Start of Supplied entries

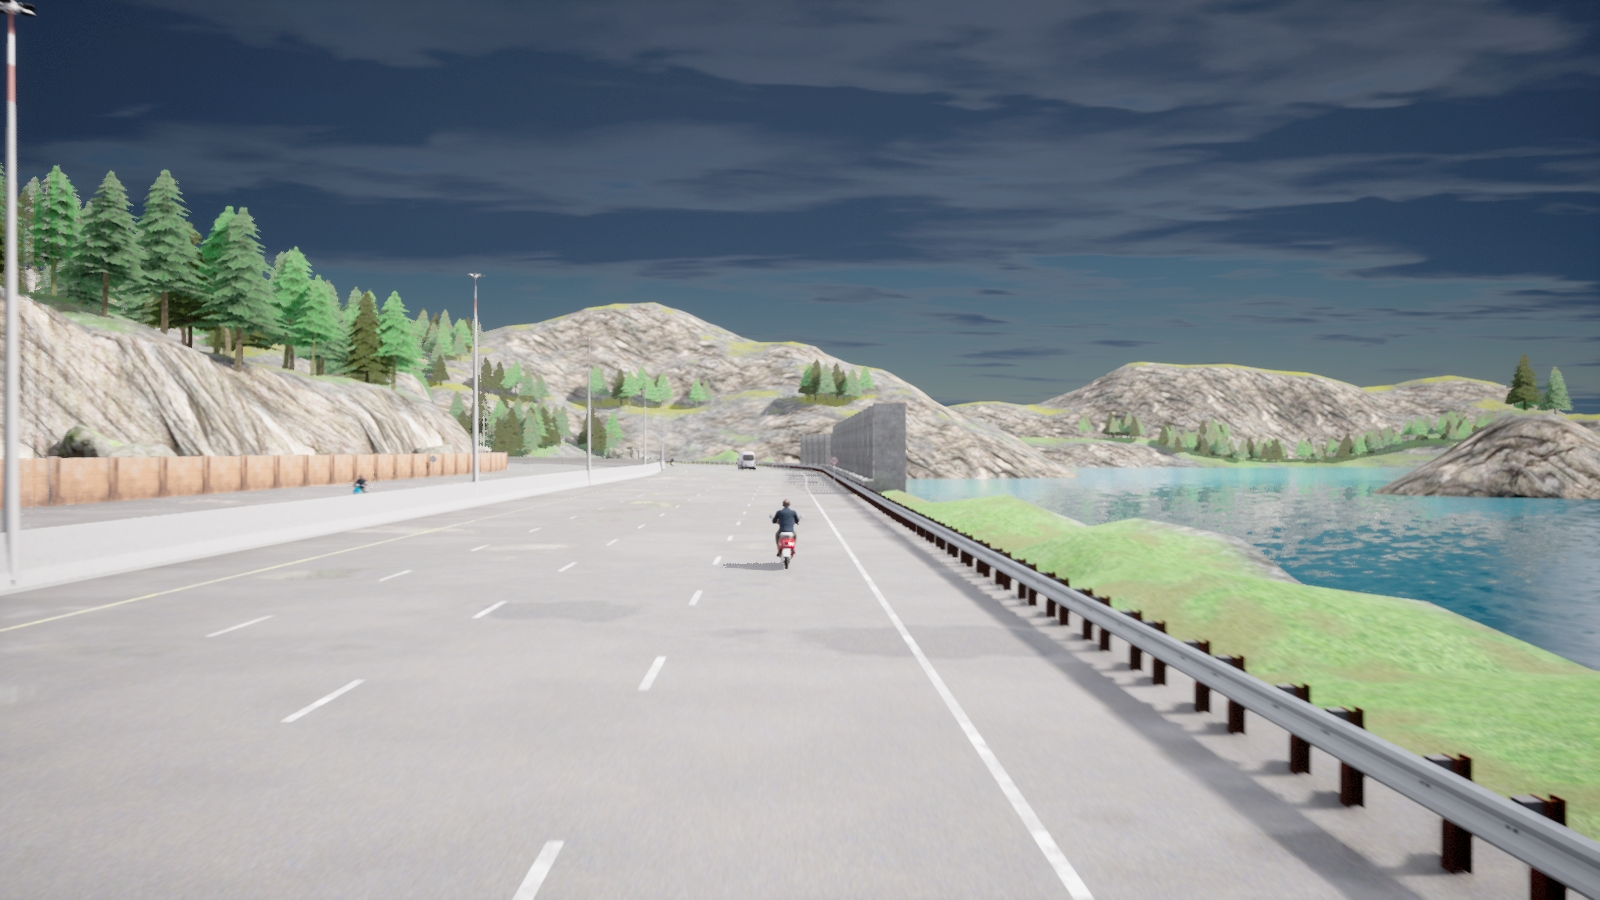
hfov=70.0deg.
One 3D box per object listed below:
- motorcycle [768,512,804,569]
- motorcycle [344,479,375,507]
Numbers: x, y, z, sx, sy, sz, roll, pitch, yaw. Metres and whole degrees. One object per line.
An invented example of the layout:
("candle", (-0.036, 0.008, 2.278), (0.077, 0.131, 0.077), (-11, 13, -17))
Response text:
("motorcycle", (-0.339, 2.177, 27.671), (0.856, 1.236, 1.805), (0, 0, -1))
("motorcycle", (-21.816, 2.132, 56.653), (0.856, 1.334, 1.805), (0, 0, -1))
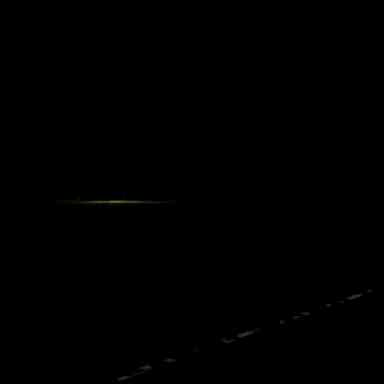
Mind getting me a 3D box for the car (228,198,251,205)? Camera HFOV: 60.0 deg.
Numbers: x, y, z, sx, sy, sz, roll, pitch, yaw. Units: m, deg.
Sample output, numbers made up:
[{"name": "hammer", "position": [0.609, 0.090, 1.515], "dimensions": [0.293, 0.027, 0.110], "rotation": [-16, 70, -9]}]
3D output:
[{"name": "car", "position": [9.205, 1.817, 65.066], "dimensions": [1.882, 1.535, 5.008], "rotation": [0, 0, -40]}]
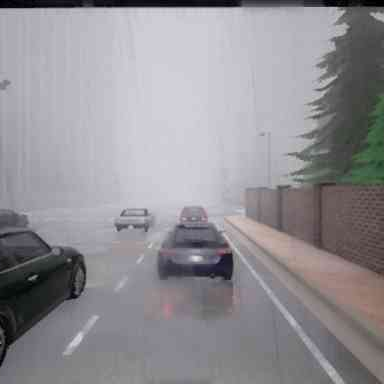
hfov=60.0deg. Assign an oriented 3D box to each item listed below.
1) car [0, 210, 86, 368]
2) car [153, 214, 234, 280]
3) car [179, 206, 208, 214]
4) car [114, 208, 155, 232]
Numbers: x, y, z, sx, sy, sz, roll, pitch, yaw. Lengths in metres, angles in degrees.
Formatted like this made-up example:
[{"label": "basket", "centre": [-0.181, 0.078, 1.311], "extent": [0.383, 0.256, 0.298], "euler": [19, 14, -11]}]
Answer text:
[{"label": "car", "centre": [-3.413, 1.369, 5.612], "extent": [2.097, 1.767, 4.553], "euler": [0, 0, 0]}, {"label": "car", "centre": [0.093, 1.594, 10.093], "extent": [1.994, 1.385, 4.181], "euler": [0, 0, 0]}, {"label": "car", "centre": [0.104, 1.611, 21.744], "extent": [2.033, 1.411, 5.357], "euler": [0, 0, 0]}, {"label": "car", "centre": [-3.398, 1.662, 20.671], "extent": [1.895, 1.301, 4.718], "euler": [0, 0, 0]}]
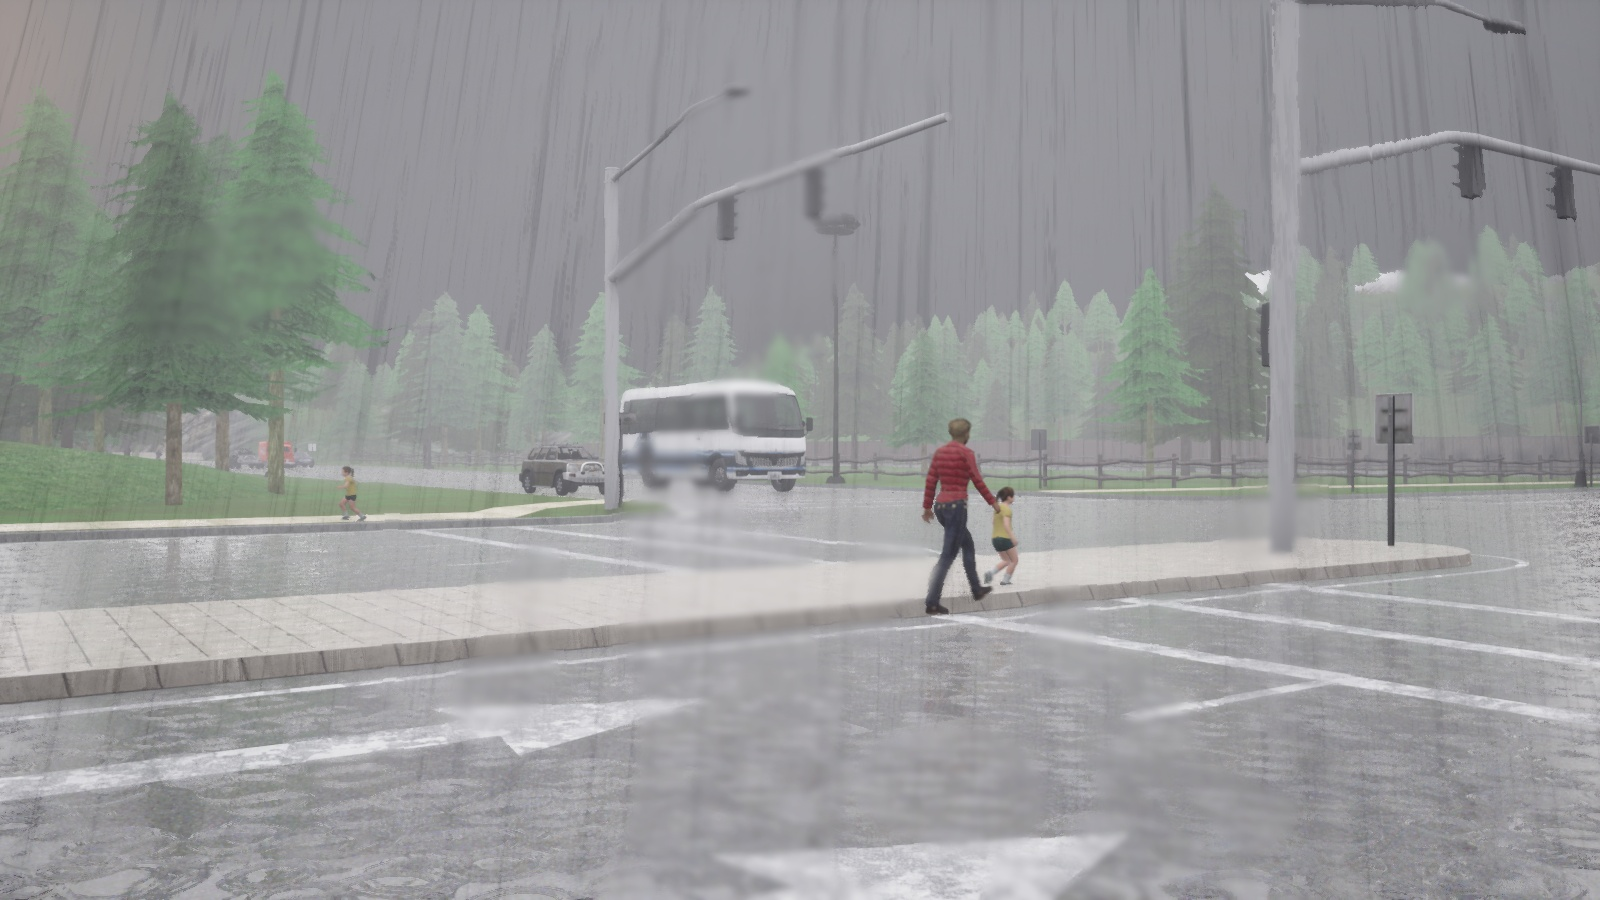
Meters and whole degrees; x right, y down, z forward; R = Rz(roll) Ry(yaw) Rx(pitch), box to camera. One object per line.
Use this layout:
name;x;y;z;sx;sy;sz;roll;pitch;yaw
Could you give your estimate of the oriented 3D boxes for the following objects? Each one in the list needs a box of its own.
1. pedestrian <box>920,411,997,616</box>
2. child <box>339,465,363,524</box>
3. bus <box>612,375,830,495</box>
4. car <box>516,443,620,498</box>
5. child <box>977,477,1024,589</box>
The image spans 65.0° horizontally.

End of Supplied entries

_Required work_
Nothing but the lines from the first line of the records above to the line with "(-11, 13, -17))", inclusive, should be transcribed exactly, and the pictures must be left out.

_Result_
hfov=70.0deg.
One 3D box per object listed below:
- motorcycle [768,512,804,569]
- motorcycle [344,479,375,507]
Numbers: x, y, z, sx, sy, sz, roll, pitch, yaw. Metres and whole degrees. One object per line.
An invented example of the layout:
("candle", (-0.036, 0.008, 2.278), (0.077, 0.131, 0.077), (-11, 13, -17))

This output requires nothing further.